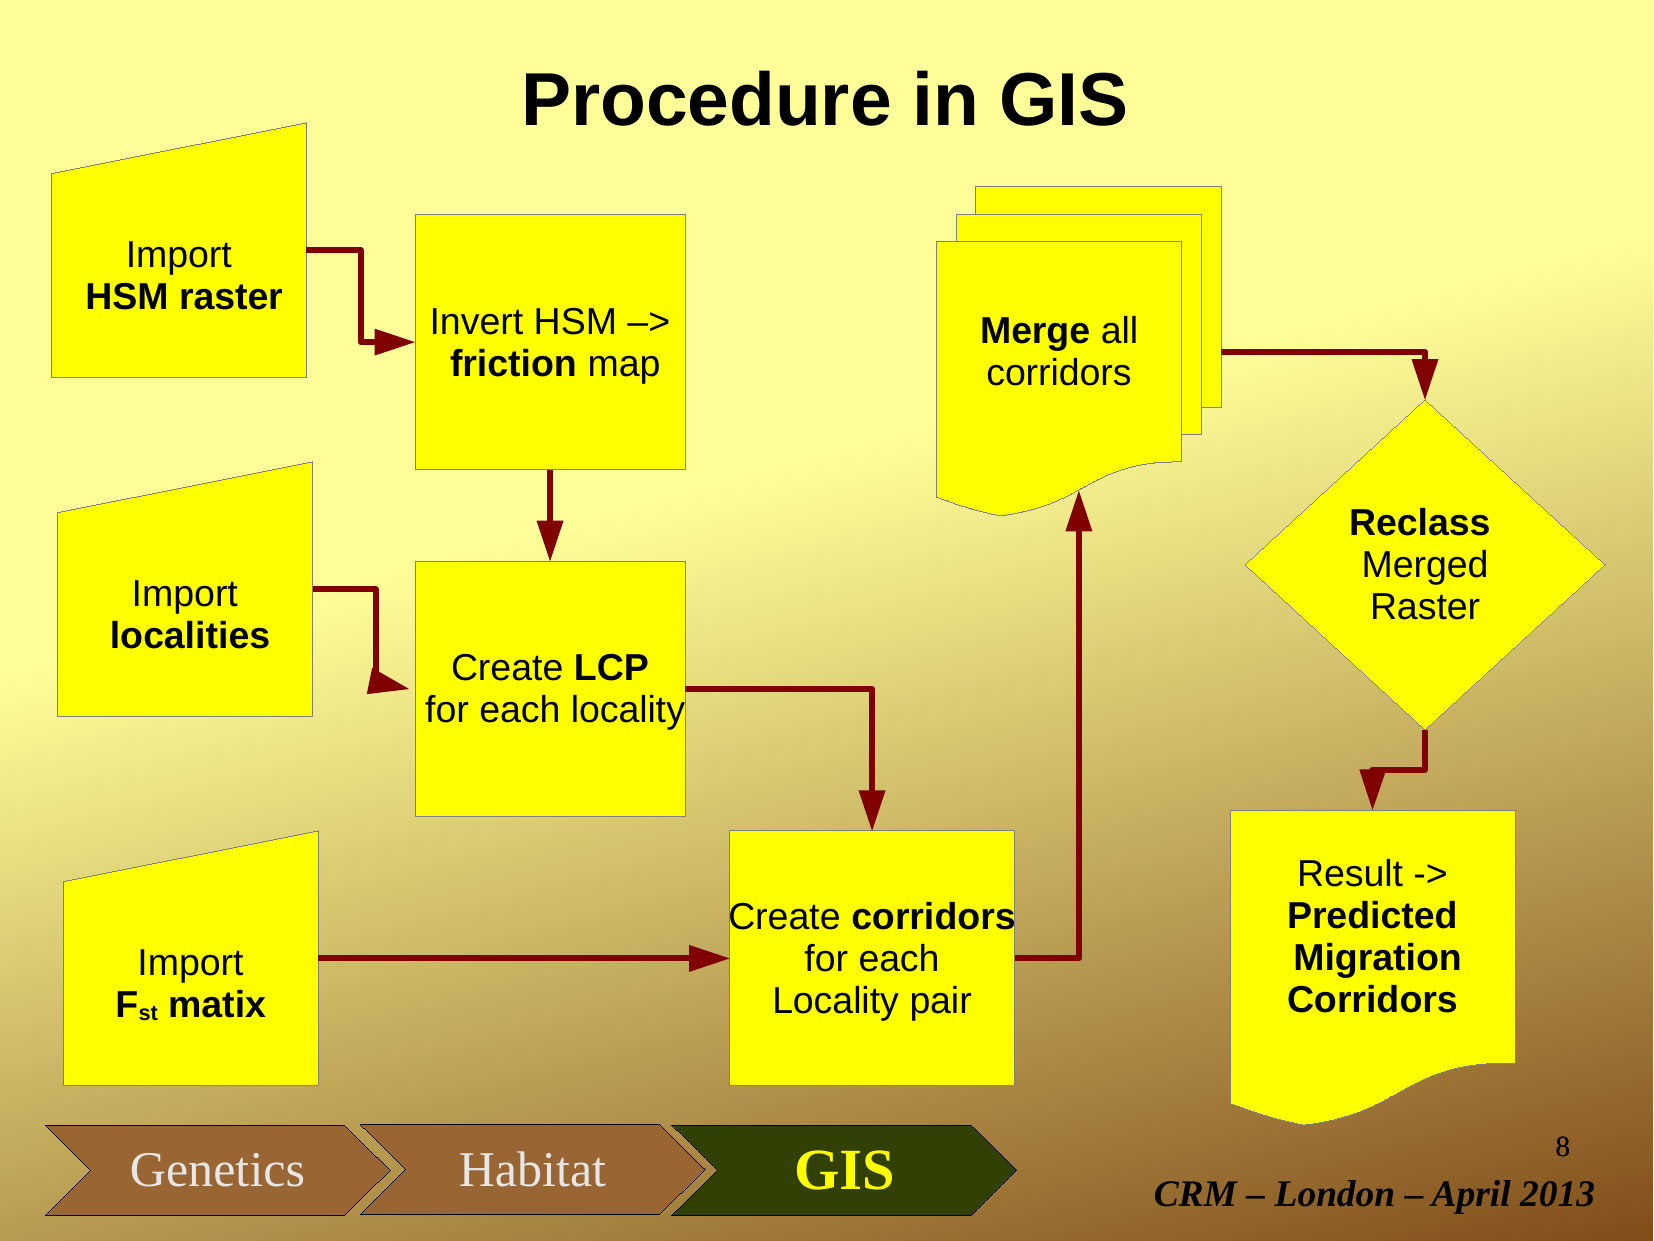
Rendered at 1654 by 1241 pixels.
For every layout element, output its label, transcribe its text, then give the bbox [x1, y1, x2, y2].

text_box Result -> Predicted Migration Corridors [1230, 810, 1516, 1126]
text_box Create corridors for each Locality pair [729, 830, 1015, 1086]
text_box Import HSM raster [51, 122, 307, 378]
text_box Create LCP for each locality [415, 561, 686, 817]
text_box Invert HSM –> friction map [415, 214, 686, 470]
text_box Import localities [57, 461, 313, 717]
text_box Reclass Merged Raster [1245, 400, 1606, 730]
text_box Merge all corridors [936, 186, 1222, 516]
text_box Import Fst matix [63, 830, 319, 1086]
title Procedure in GIS [62, 49, 1588, 151]
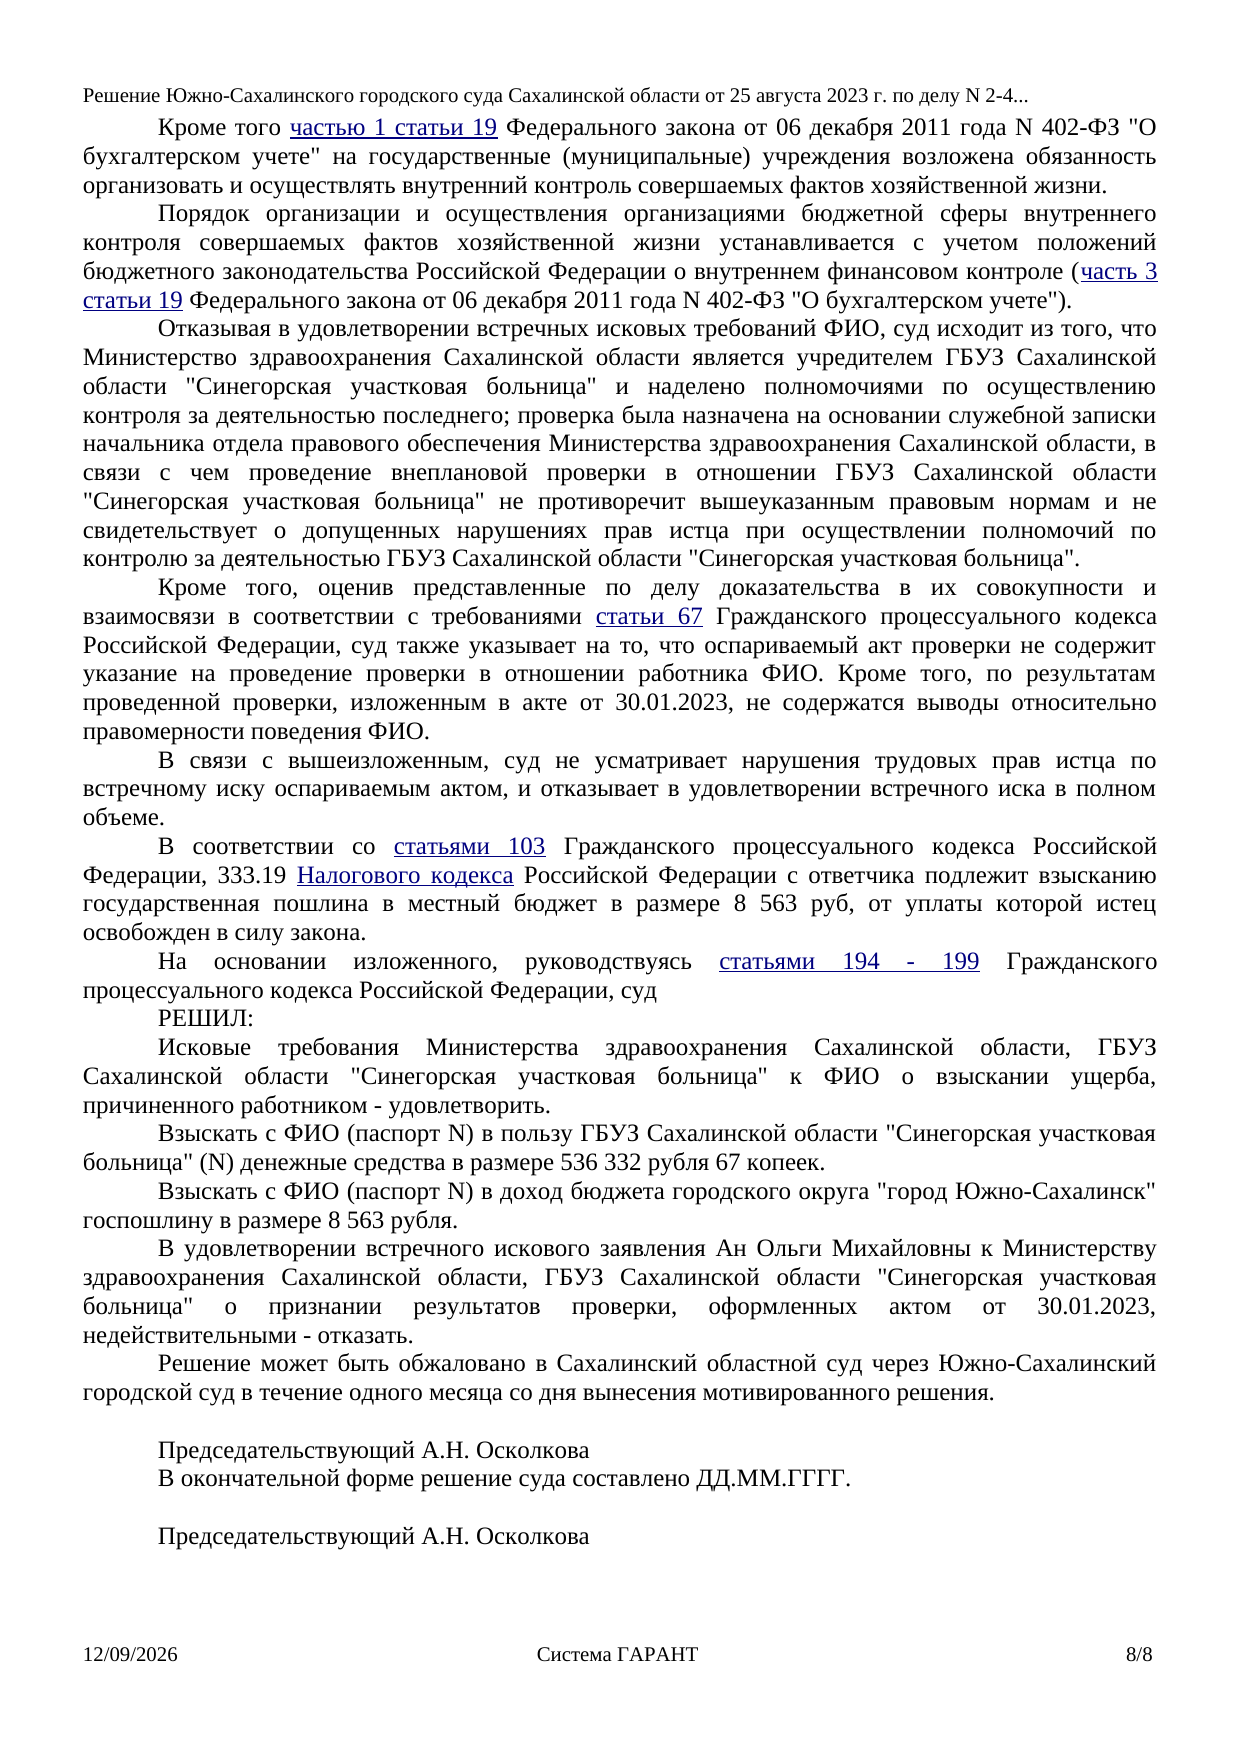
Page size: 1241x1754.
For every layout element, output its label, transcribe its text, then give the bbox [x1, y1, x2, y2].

_ _ _ _ _

WORK ORDER
Leaving the pictures out, output all of the listing exactly.

ANSWER BELOW
Rendered at 1654 by 1241 pixels.
For every layout element, output its label, transcribe its text, then give the bbox [x1, y1, x2, y2].

text_box Result -> Predicted Migration Corridors [1230, 810, 1516, 1126]
text_box Create corridors for each Locality pair [729, 830, 1015, 1086]
text_box Import HSM raster [51, 122, 307, 378]
text_box Create LCP for each locality [415, 561, 686, 817]
text_box Invert HSM –> friction map [415, 214, 686, 470]
text_box Import localities [57, 461, 313, 717]
text_box Reclass Merged Raster [1245, 400, 1606, 730]
text_box Merge all corridors [936, 186, 1222, 516]
text_box Import Fst matix [63, 830, 319, 1086]
title Procedure in GIS [62, 49, 1588, 151]
Page size: 1241x1754.
For every layout element, output its label, transcribe its text, then give the bbox [x1, y1, x2, y2].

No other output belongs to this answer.